**Exercise material:**

........

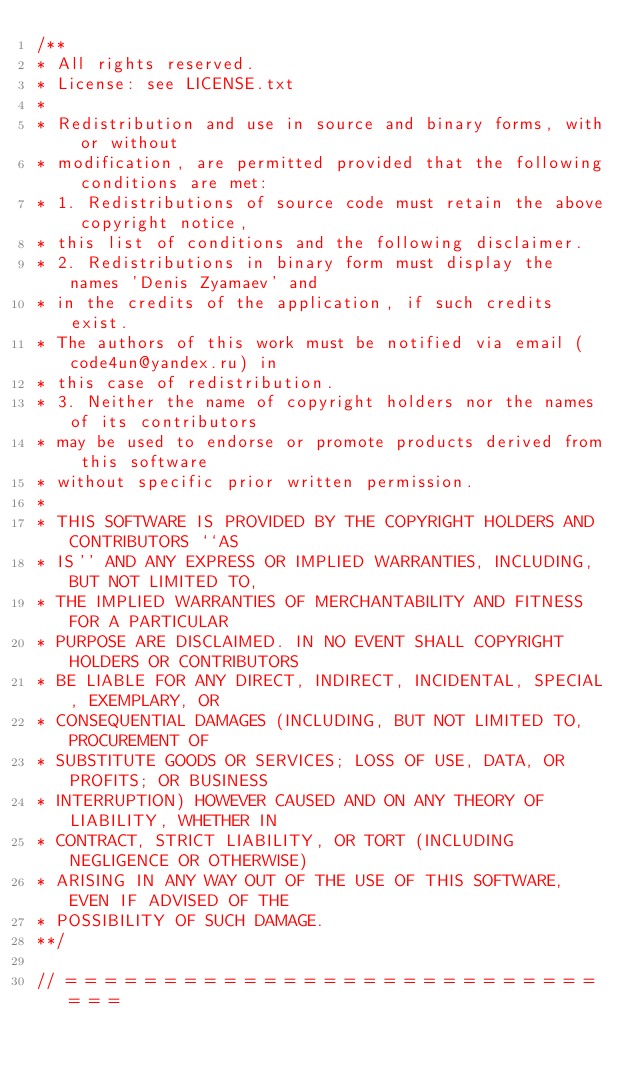Convert code to text. <code><loc_0><loc_0><loc_500><loc_500><_C++_>/**
* All rights reserved.
* License: see LICENSE.txt
*
* Redistribution and use in source and binary forms, with or without
* modification, are permitted provided that the following conditions are met:
* 1. Redistributions of source code must retain the above copyright notice,
* this list of conditions and the following disclaimer.
* 2. Redistributions in binary form must display the names 'Denis Zyamaev' and
* in the credits of the application, if such credits exist.
* The authors of this work must be notified via email (code4un@yandex.ru) in
* this case of redistribution.
* 3. Neither the name of copyright holders nor the names of its contributors
* may be used to endorse or promote products derived from this software
* without specific prior written permission.
*
* THIS SOFTWARE IS PROVIDED BY THE COPYRIGHT HOLDERS AND CONTRIBUTORS ``AS
* IS'' AND ANY EXPRESS OR IMPLIED WARRANTIES, INCLUDING, BUT NOT LIMITED TO,
* THE IMPLIED WARRANTIES OF MERCHANTABILITY AND FITNESS FOR A PARTICULAR
* PURPOSE ARE DISCLAIMED. IN NO EVENT SHALL COPYRIGHT HOLDERS OR CONTRIBUTORS
* BE LIABLE FOR ANY DIRECT, INDIRECT, INCIDENTAL, SPECIAL, EXEMPLARY, OR
* CONSEQUENTIAL DAMAGES (INCLUDING, BUT NOT LIMITED TO, PROCUREMENT OF
* SUBSTITUTE GOODS OR SERVICES; LOSS OF USE, DATA, OR PROFITS; OR BUSINESS
* INTERRUPTION) HOWEVER CAUSED AND ON ANY THEORY OF LIABILITY, WHETHER IN
* CONTRACT, STRICT LIABILITY, OR TORT (INCLUDING NEGLIGENCE OR OTHERWISE)
* ARISING IN ANY WAY OUT OF THE USE OF THIS SOFTWARE, EVEN IF ADVISED OF THE
* POSSIBILITY OF SUCH DAMAGE.
**/

// = = = = = = = = = = = = = = = = = = = = = = = = = = = = = =
</code> 
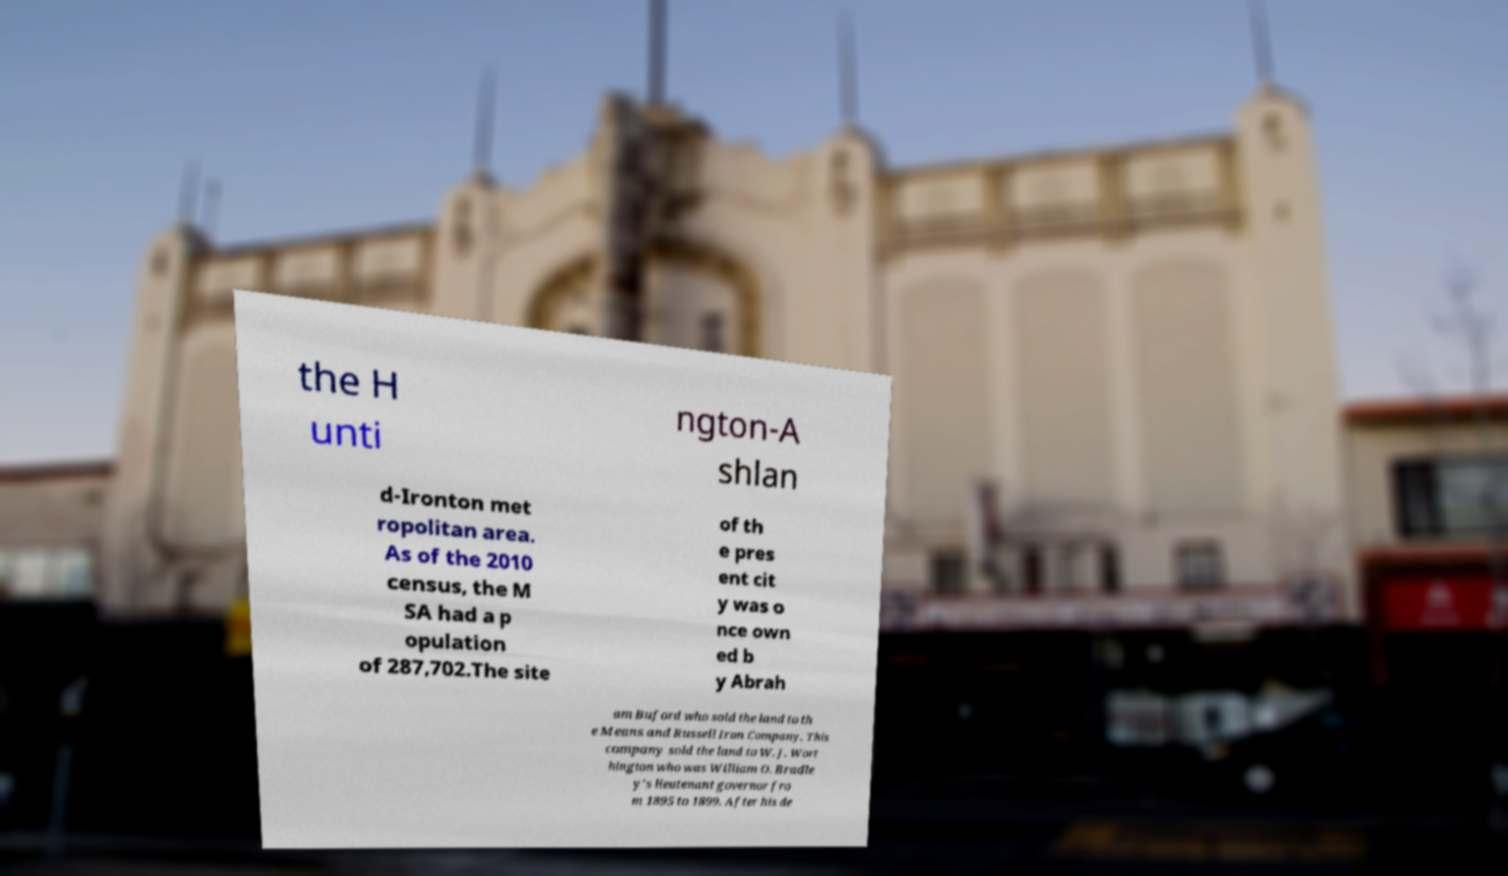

........

**Exercise objective:**
Repeat exactly the lines above from the one with "License: see LICENSE.txt" up to and including the one with "names 'Denis Zyamaev' and". No other line belongs in the reply.

**Expected answer:**
* License: see LICENSE.txt
*
* Redistribution and use in source and binary forms, with or without
* modification, are permitted provided that the following conditions are met:
* 1. Redistributions of source code must retain the above copyright notice,
* this list of conditions and the following disclaimer.
* 2. Redistributions in binary form must display the names 'Denis Zyamaev' and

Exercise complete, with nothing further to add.